** Data in this exercise follows **

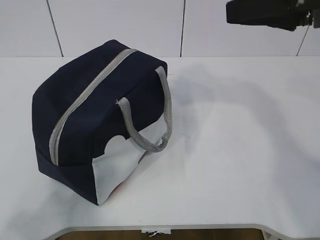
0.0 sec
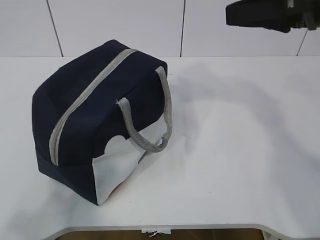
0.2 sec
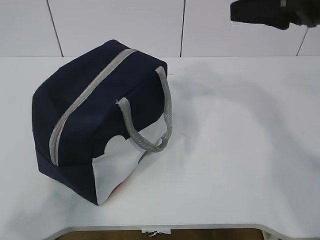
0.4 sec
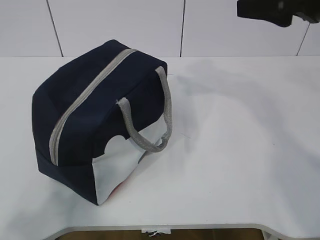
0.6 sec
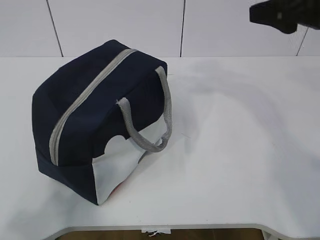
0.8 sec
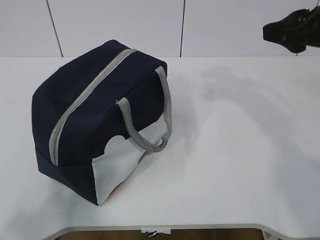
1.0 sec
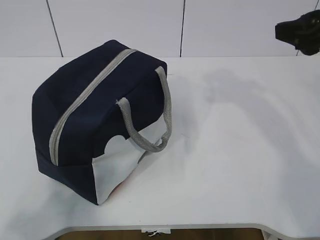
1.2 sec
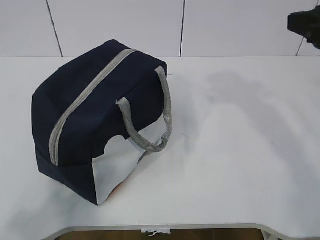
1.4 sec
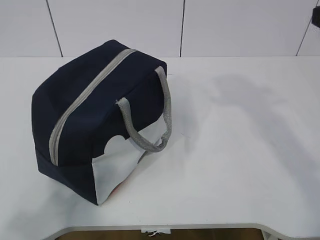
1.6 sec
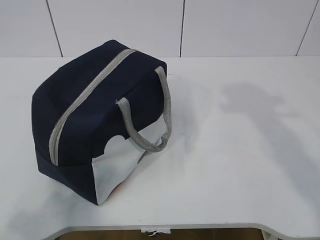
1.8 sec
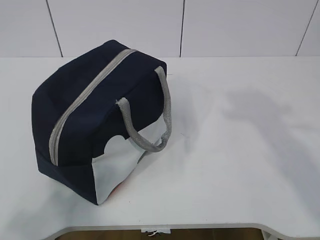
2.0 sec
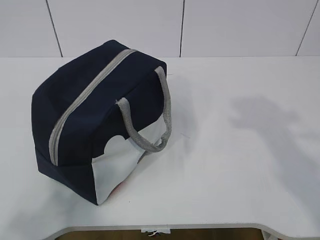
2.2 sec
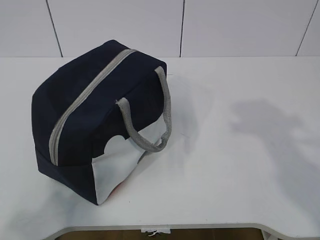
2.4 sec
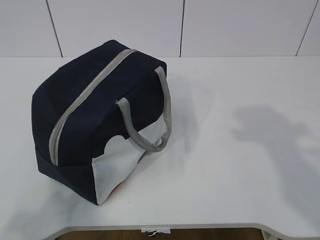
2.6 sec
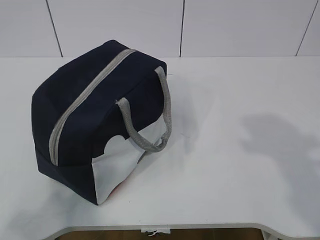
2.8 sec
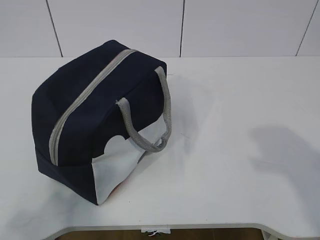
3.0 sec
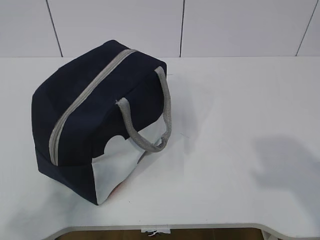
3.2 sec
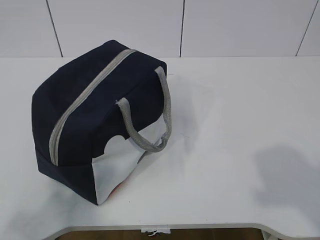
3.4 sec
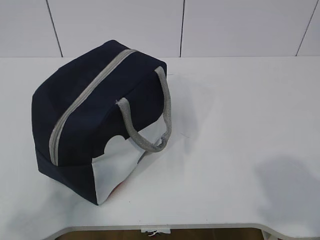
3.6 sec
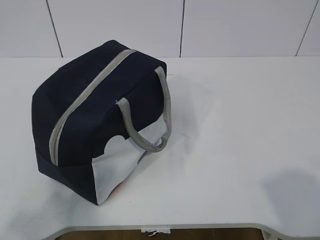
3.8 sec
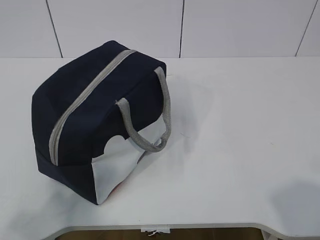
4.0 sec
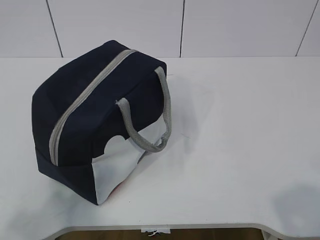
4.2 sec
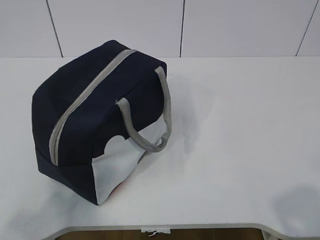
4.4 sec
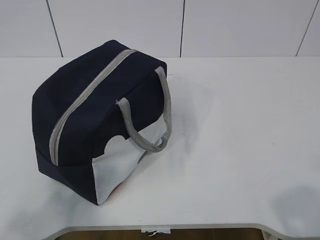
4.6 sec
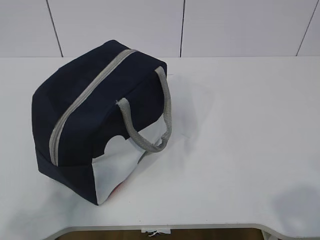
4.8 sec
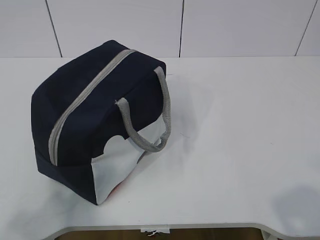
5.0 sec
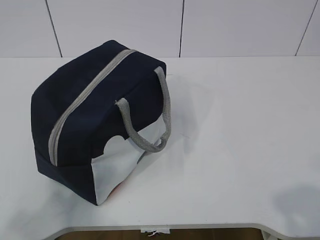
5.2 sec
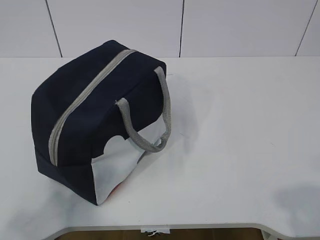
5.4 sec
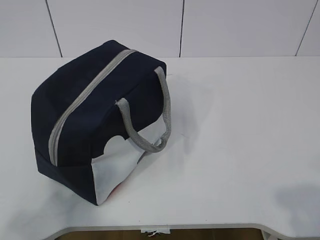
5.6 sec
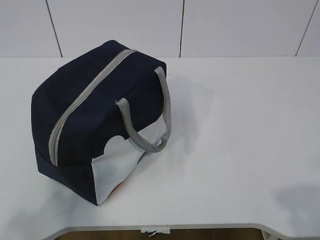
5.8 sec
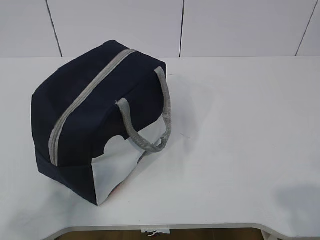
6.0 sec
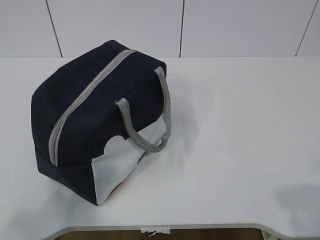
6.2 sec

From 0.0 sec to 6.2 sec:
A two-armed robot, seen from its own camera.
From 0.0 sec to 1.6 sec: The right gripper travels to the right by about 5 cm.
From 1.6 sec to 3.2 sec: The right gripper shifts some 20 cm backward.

** End of Data in this exercise **

__Exercise__
What you give back must match the material word for word, with no images included.

__Answer for the task__
0.0 sec
0.2 sec
0.4 sec
0.6 sec
0.8 sec
1.0 sec
1.2 sec
1.4 sec
1.6 sec
1.8 sec
2.0 sec
2.2 sec
2.4 sec
2.6 sec
2.8 sec
3.0 sec
3.2 sec
3.4 sec
3.6 sec
3.8 sec
4.0 sec
4.2 sec
4.4 sec
4.6 sec
4.8 sec
5.0 sec
5.2 sec
5.4 sec
5.6 sec
5.8 sec
6.0 sec
6.2 sec

From 0.0 sec to 6.2 sec:
A two-armed robot, seen from its own camera.
From 0.0 sec to 1.6 sec: The right gripper travels to the right by about 5 cm.
From 1.6 sec to 3.2 sec: The right gripper shifts some 20 cm backward.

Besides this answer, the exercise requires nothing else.